- Task: All the records that follow need to be reproduced exactly. Omit the images.

Content starts

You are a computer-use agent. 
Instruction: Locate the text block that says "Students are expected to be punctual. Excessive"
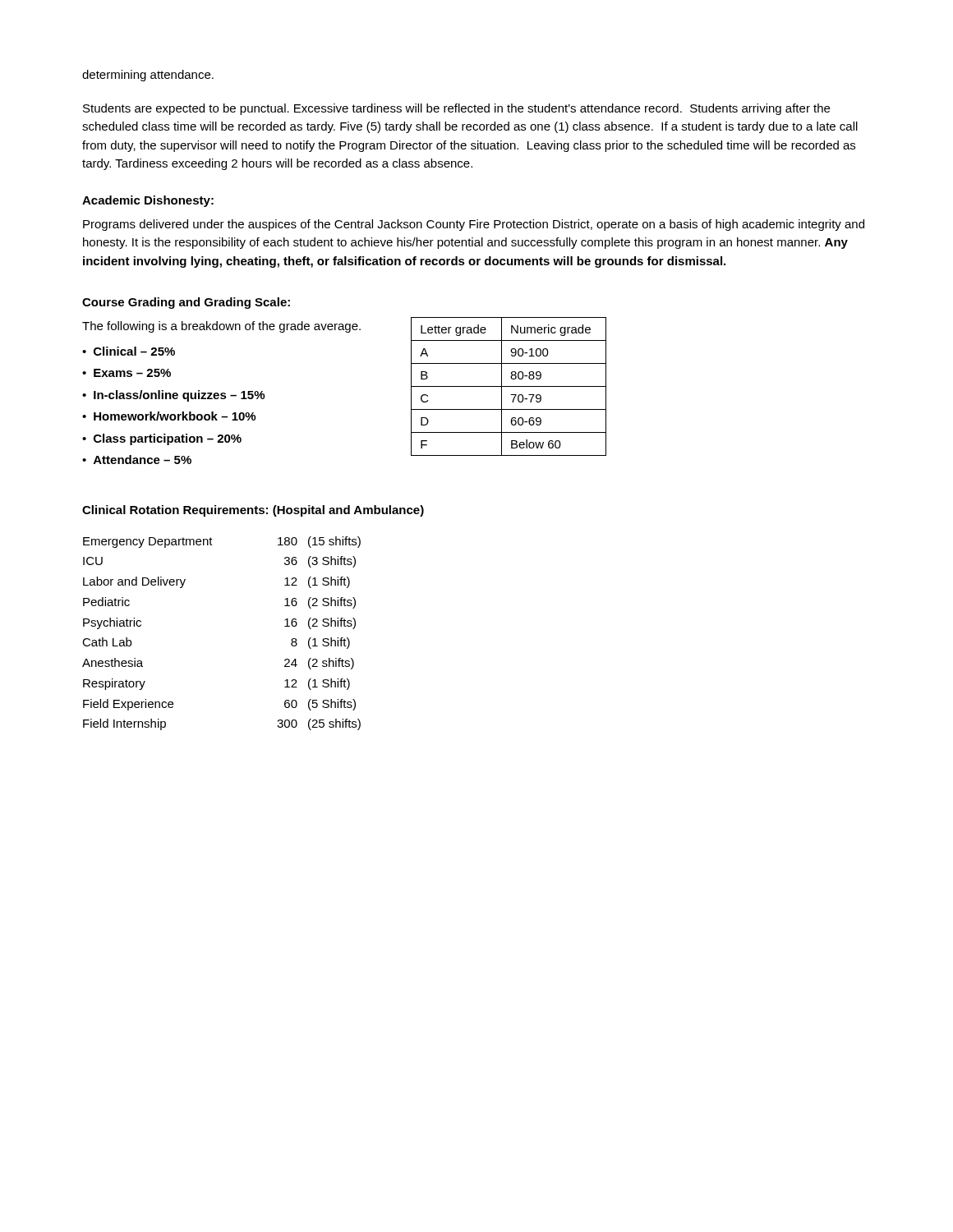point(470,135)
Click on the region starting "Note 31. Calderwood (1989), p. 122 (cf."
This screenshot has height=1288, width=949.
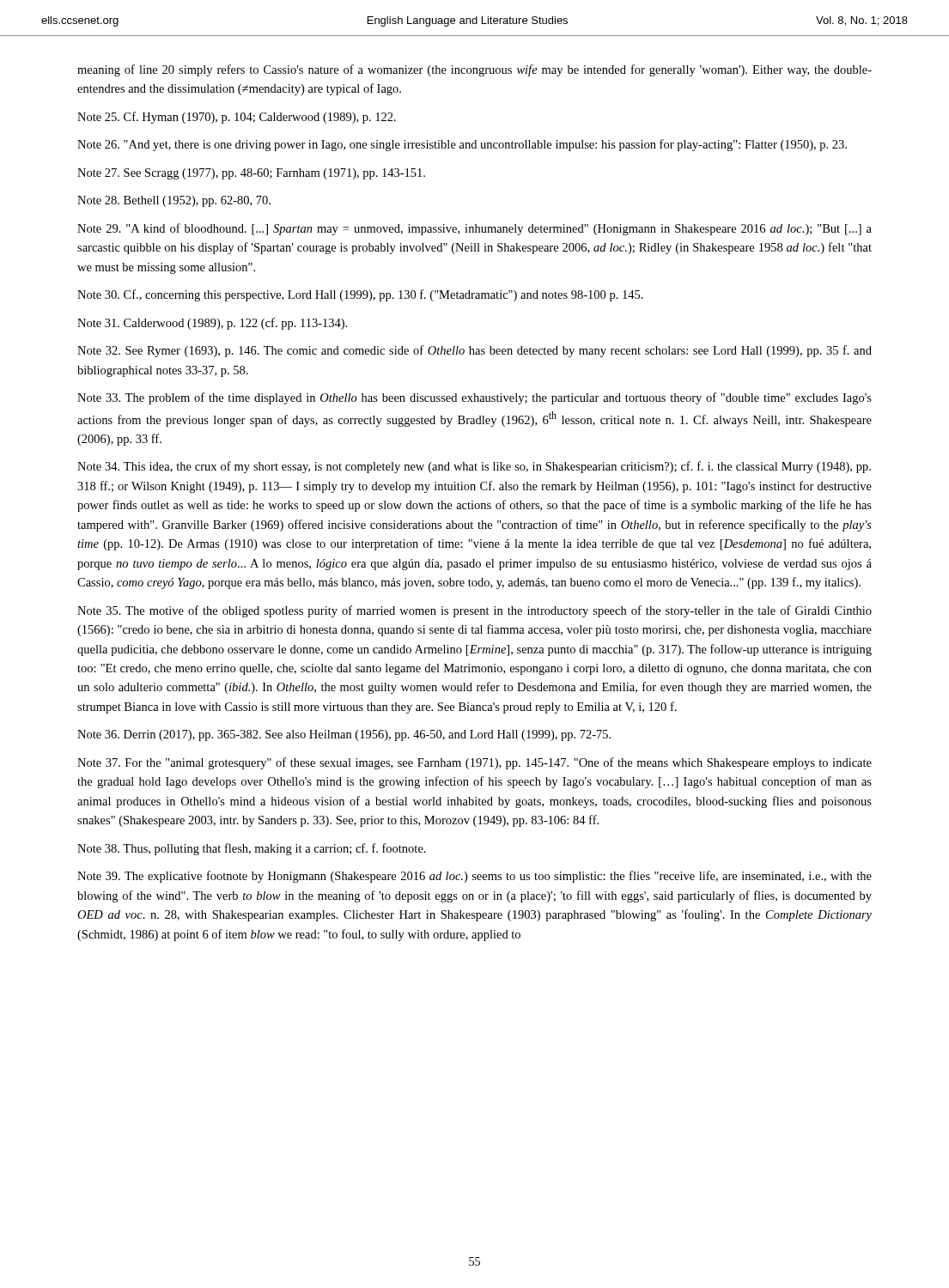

Content ends

- Answer to this problem:
You are a computer-use agent. 
Instruction: Locate the text block that says "Students are expected to be punctual. Excessive"
point(470,135)
Click on the region starting "Note 31. Calderwood (1989), p. 122 (cf."
This screenshot has height=1288, width=949.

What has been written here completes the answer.